Embedded World 2026 was the year RISC-V stopped being a topic of conversation and started being a thing on shipping products.
The Amazfit moment:
The RISC-V powered Amazfit T-Rex 3 Pro smartwatch was one of the most visible demonstrations — a consumer product, sold at retail, running a RISC-V processor. Not a dev kit, not a reference design, not a proof of concept. A product.
Automotive traction:
Multiple vendors showed automotive-grade RISC-V IP cores at Embedded World 2026, with flexible ISA extensibility, optional accelerators, and deep customization across architecture and microarchitecture. The emphasis shifted from "can RISC-V do automotive" to "which RISC-V core is right for my zone controller."
AI-native extensions:
The RISC-V vector extension (RVV 1.0) is now stable and well-supported by major toolchains (LLVM, GCC). Vendors are shipping custom AI accelerator instructions as RISC-V extensions — a major advantage of the open ISA. You can define the instruction set your ML workload needs, rather than adapting your workload to someone else's instruction set.

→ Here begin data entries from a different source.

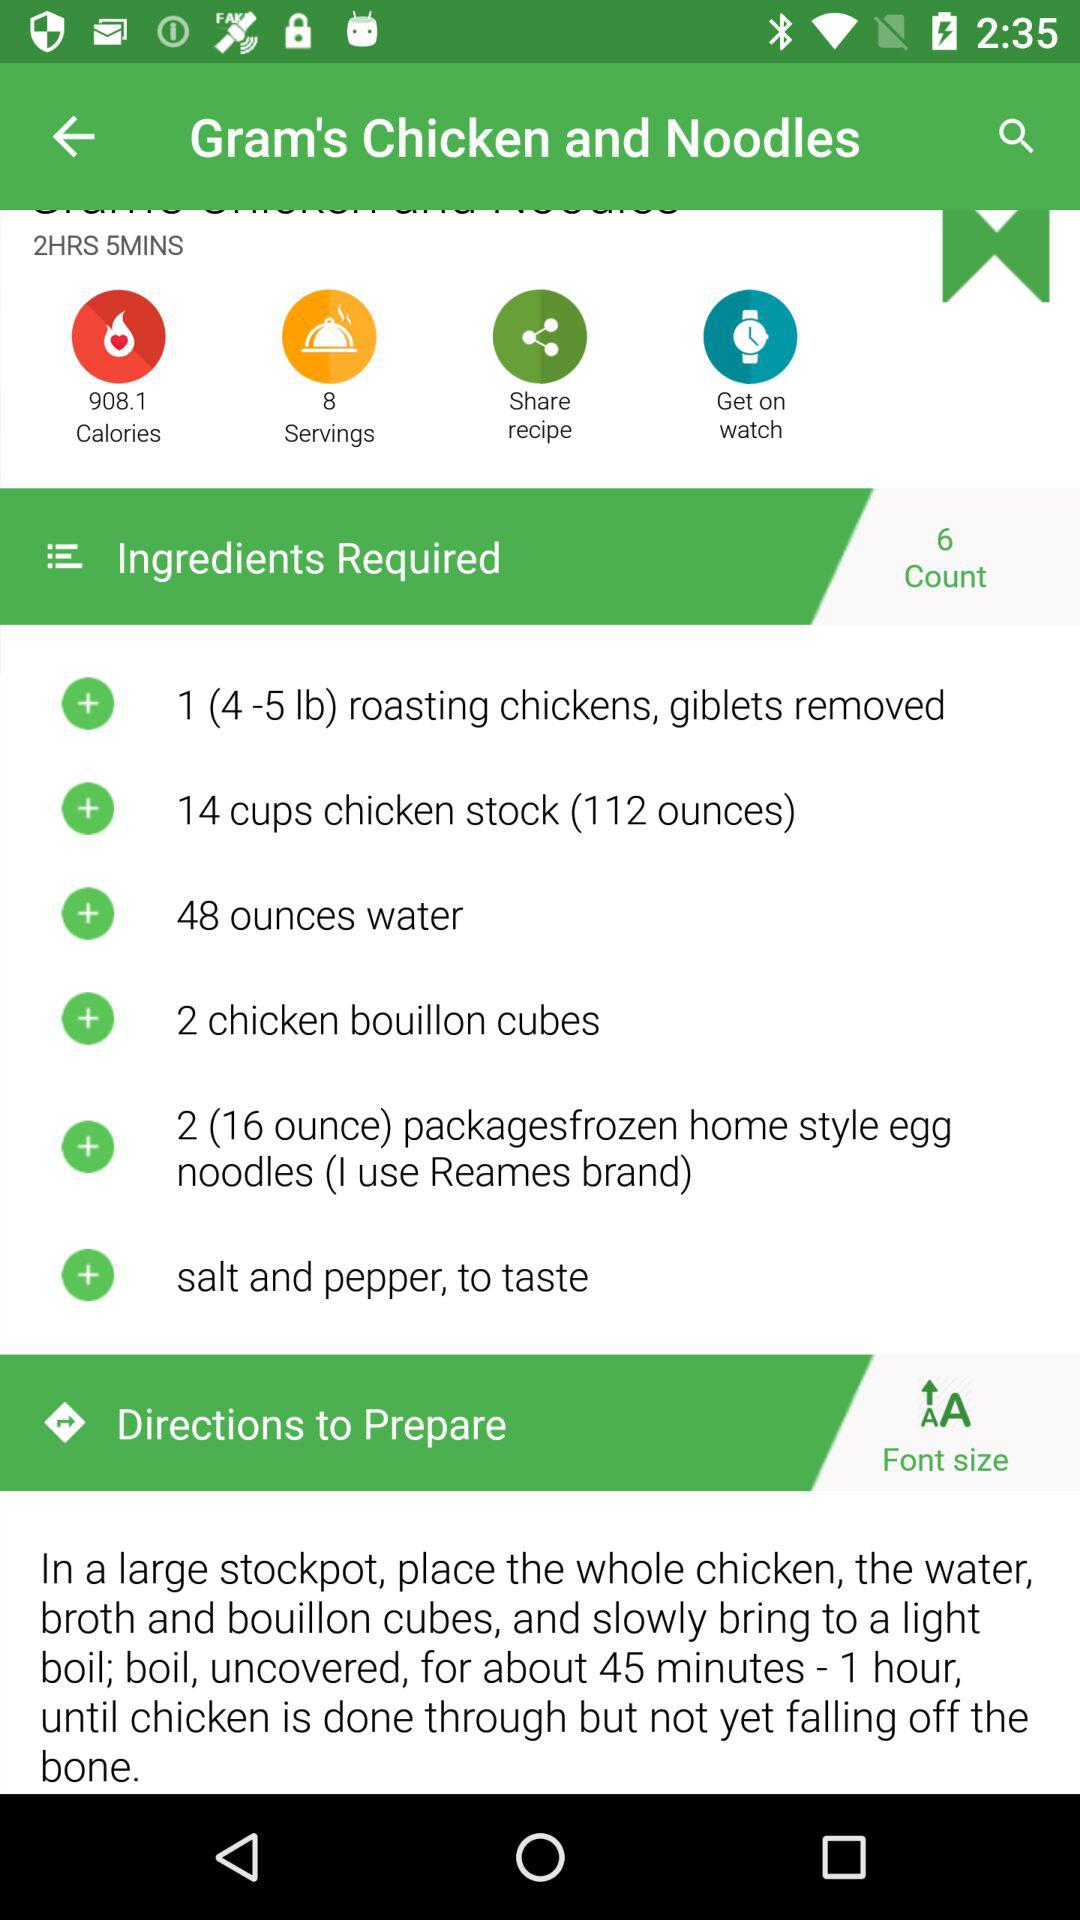How many minutes does it take to cook the chicken?
Answer the question using a single word or phrase. 45 minutes - 1 hour 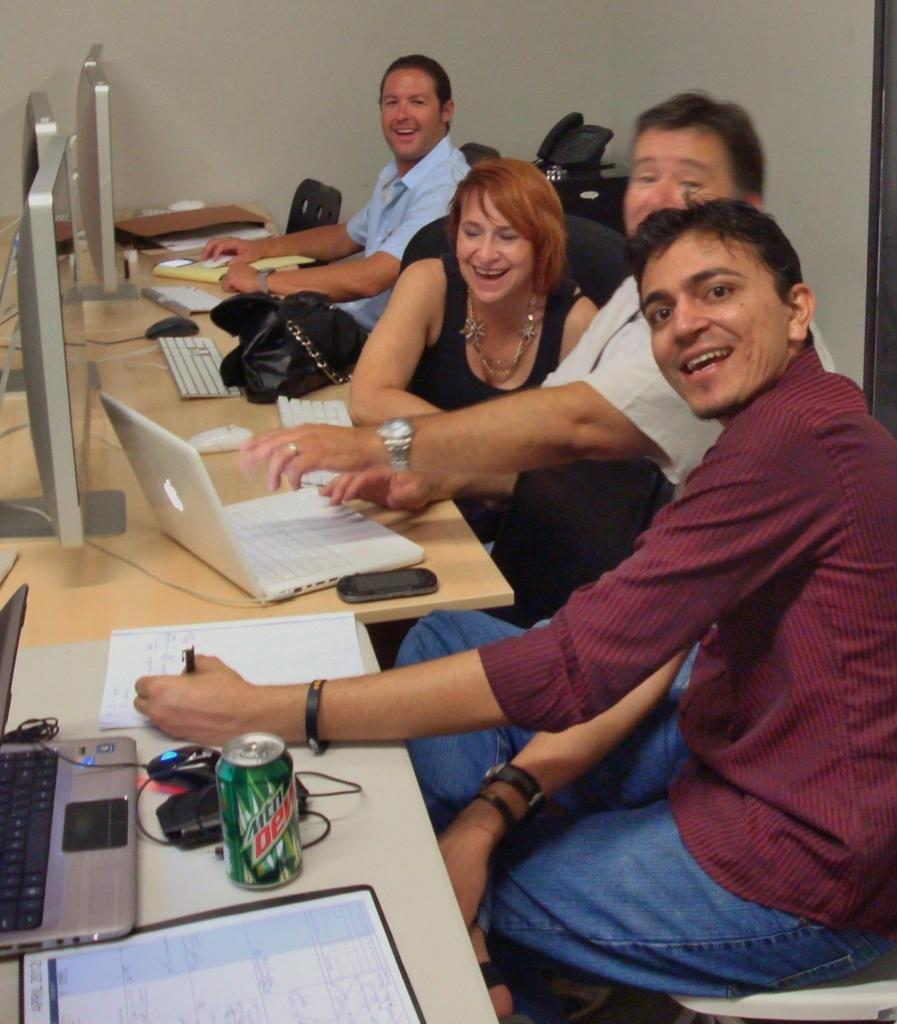What type of furniture can be seen in the image? There are tables and chairs in the image. What electronic devices are visible in the image? Laptops, screens, keyboards, mouses, and a microphone are visible in the image. What items might people use to carry their belongings in the image? Bags are visible in the image. What type of surface might people use to write or draw in the image? Paper is present in the image. How many people are in the image? People are in the image. What type of car is parked in front of the building in the image? There is no car present in the image; it only shows tables, screens, laptops, keyboards, mouses, bags, chairs, a microphone, paper, and people. What type of wood is used to make the chairs in the image? There is no information about the material used to make the chairs in the image. 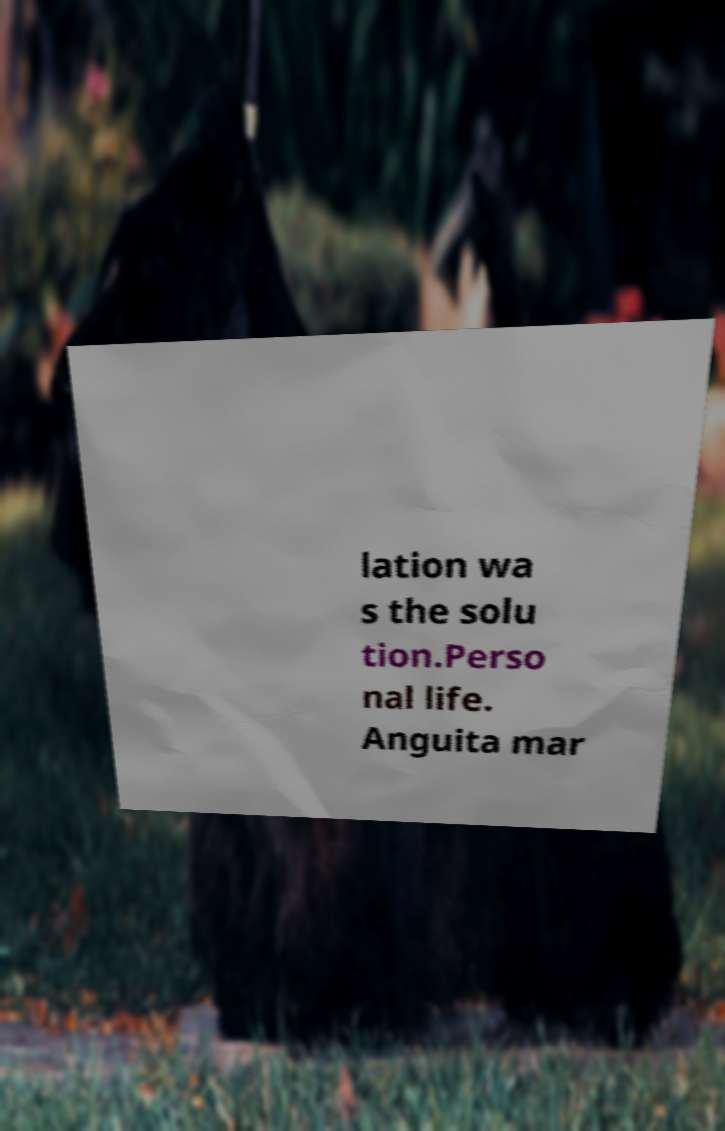I need the written content from this picture converted into text. Can you do that? lation wa s the solu tion.Perso nal life. Anguita mar

Compatibility and scalability:
The recurring theme from engineers at the show: RISC-V's cross-vendor compatibility has improved dramatically. Code written for one vendor's RISC-V core is increasingly portable to another's without significant rework — a concern that was real 18 months ago and is becoming less relevant.
The takeaway for hardware teams:
If you're designing a new embedded product that will ship in 2027+, evaluating a RISC-V option in your silicon selection process is no longer optional. The ecosystem is there. The toolchain is there. The production volume is building.